Mariners 11, White Sox 10: Chicago was up 10-5 after seven and a half when Kyle Seager singled in a run to make it 10-6, Kyle Lewis hit a three-run bomb to make it 10-9 and then Mallex Smith singled in a run to tie it up. After the M’s held serve in the top of the ninth José Ruiz of the White Sox gave up two singles — one of them to Lewis — and then intentionally walked a guy to load the bases with one out. He got Tom Murphy down one ball and two strikes, Murphy worked the count full and then ball four gave the M’s a walkoff walk. Lewis finishes his first week in the bigs having gone 9-for-25 with four homers, two doubles and nine driven in in six games. Not too shabby.

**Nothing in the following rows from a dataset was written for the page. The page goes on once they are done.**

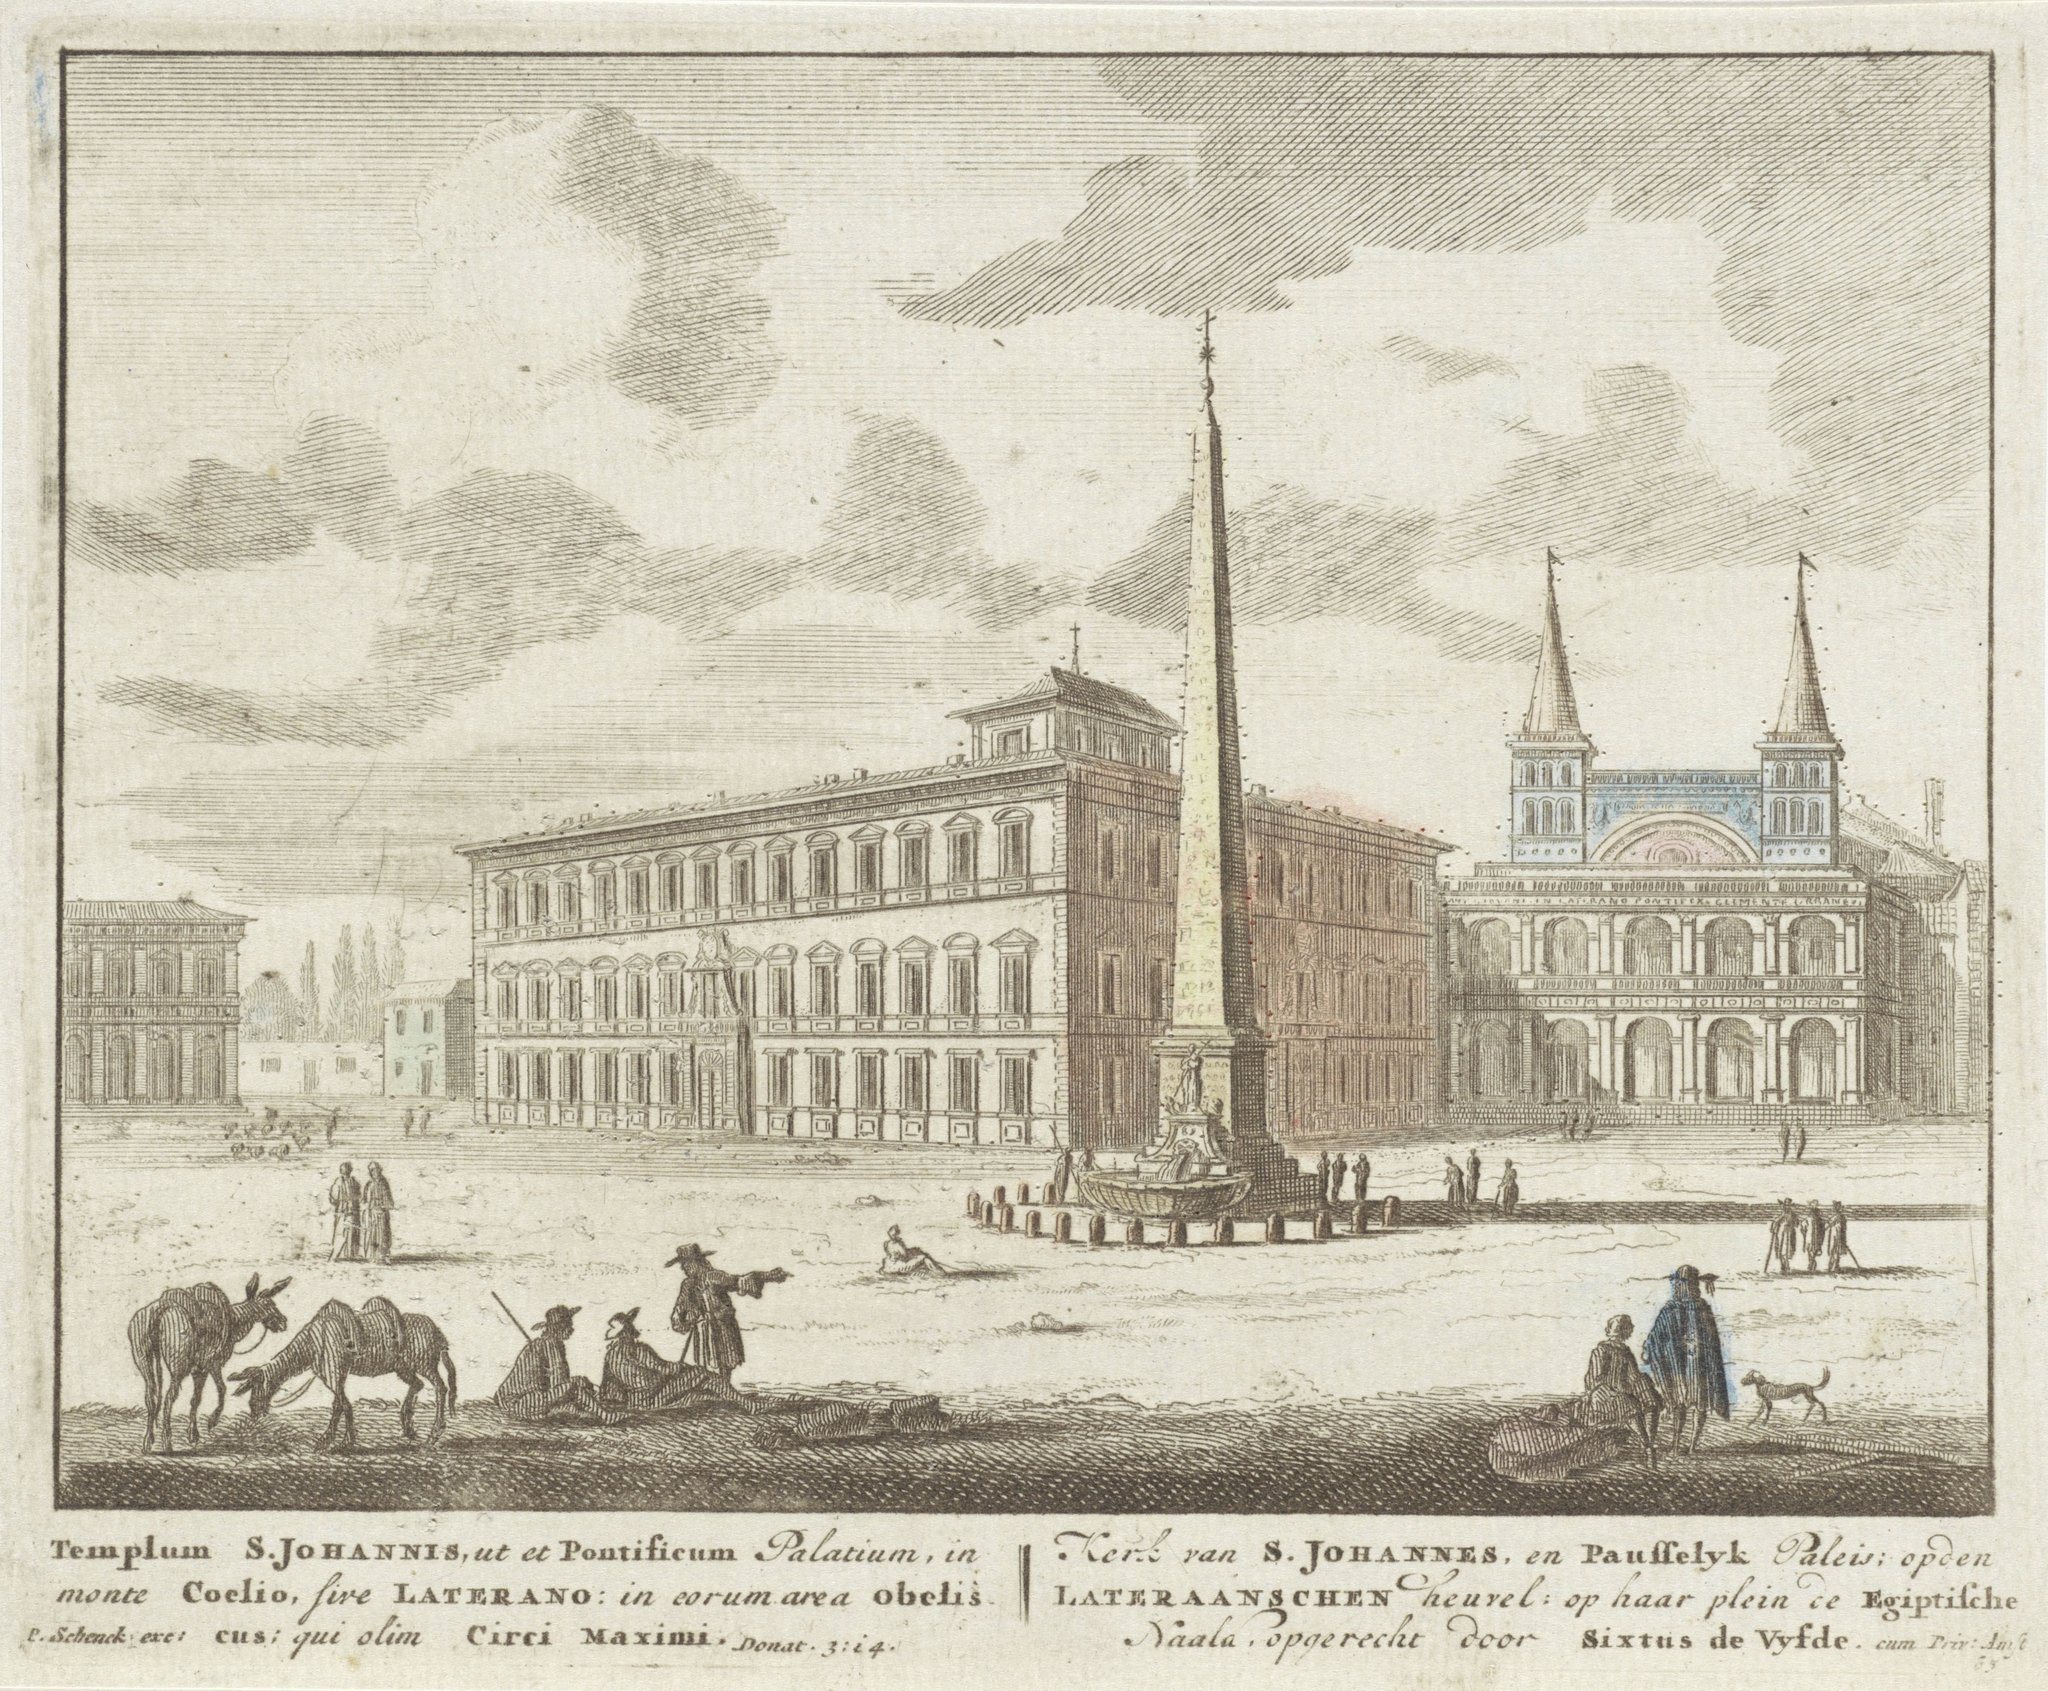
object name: print
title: Lateraanse Obelisk en het Lateraans Paleis te Rome
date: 1675-1711
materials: paper
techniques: etching
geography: amsterdam
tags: obelisk, needle, rome
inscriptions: collector's mark: Lugt 2228
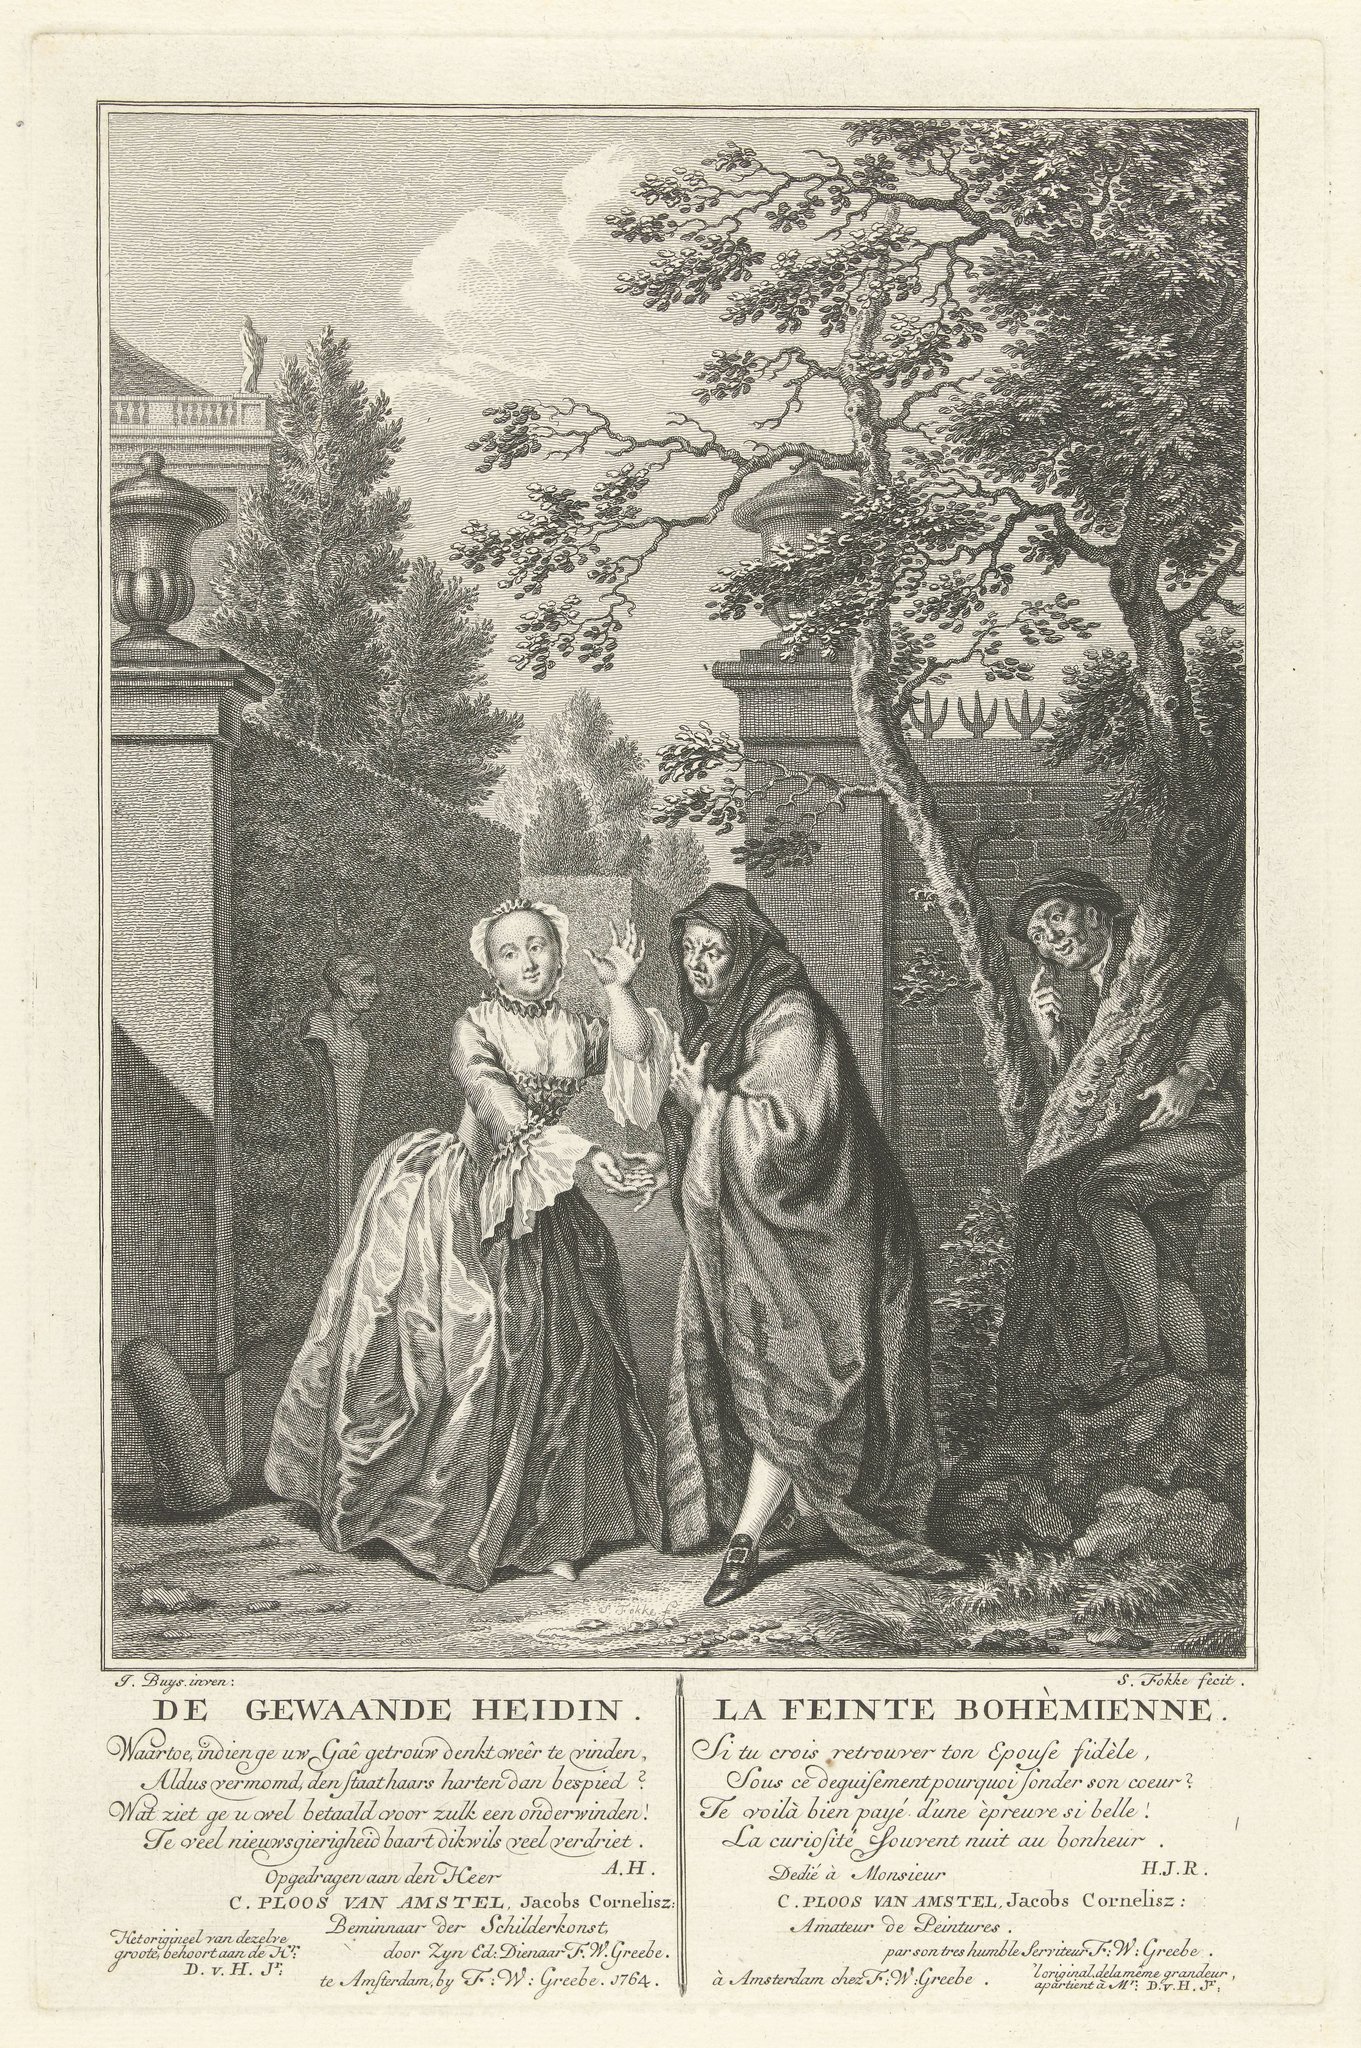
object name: print
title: Man en vrouw bij de ingang van een tuin
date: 1764
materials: paper
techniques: etching
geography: amsterdam
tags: wandering communities: romani or roma, disguise, satyr play, farce, gripping someone by the hand or the wrist; clasped hands
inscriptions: collector's mark: Lugt 240
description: Een vrouw heeft haar hand in die van een man gelegd. De man doet zich voor als een oude Roma vrouw (‘heiden’ was een eigentijdse benaming voor de Roma). Hij is volledig gehuld in een groot kleed, alleen zijn gezicht en schoenen zijn zichtbaar. Rechts achter een boom bespiedt een tweede man het paar. Op de achtergrond langs een hoge haag de ingang naar een tuin.
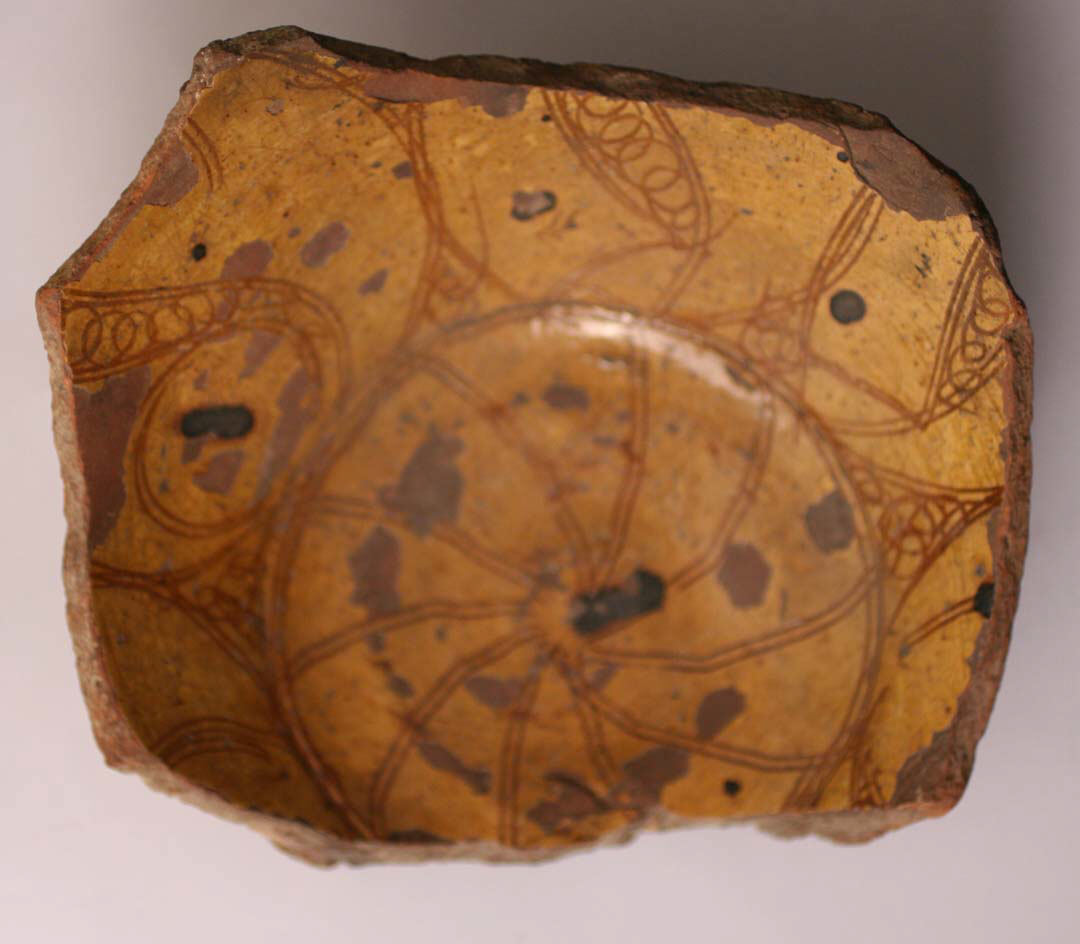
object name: ceramic fragment
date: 1301-1500
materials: earthenware, glaze
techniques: coloring, incising
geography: egypt

Dodgers 3, Mets 2: Zack Wheeler pitched brilliantly for seven innings and the Mets led 2-1 into the eighth, but they couldn’t hold it beyond that. Chris Taylor doubled in Jedd Gyorko to tie it up at two and, an inning later, Gyorko singled in Kiké Hernandez to put the Dodgers over. L.A. takes two of three in a series the Mets really needed to win.

Two weeks to go. Every game looms large for the contenders now.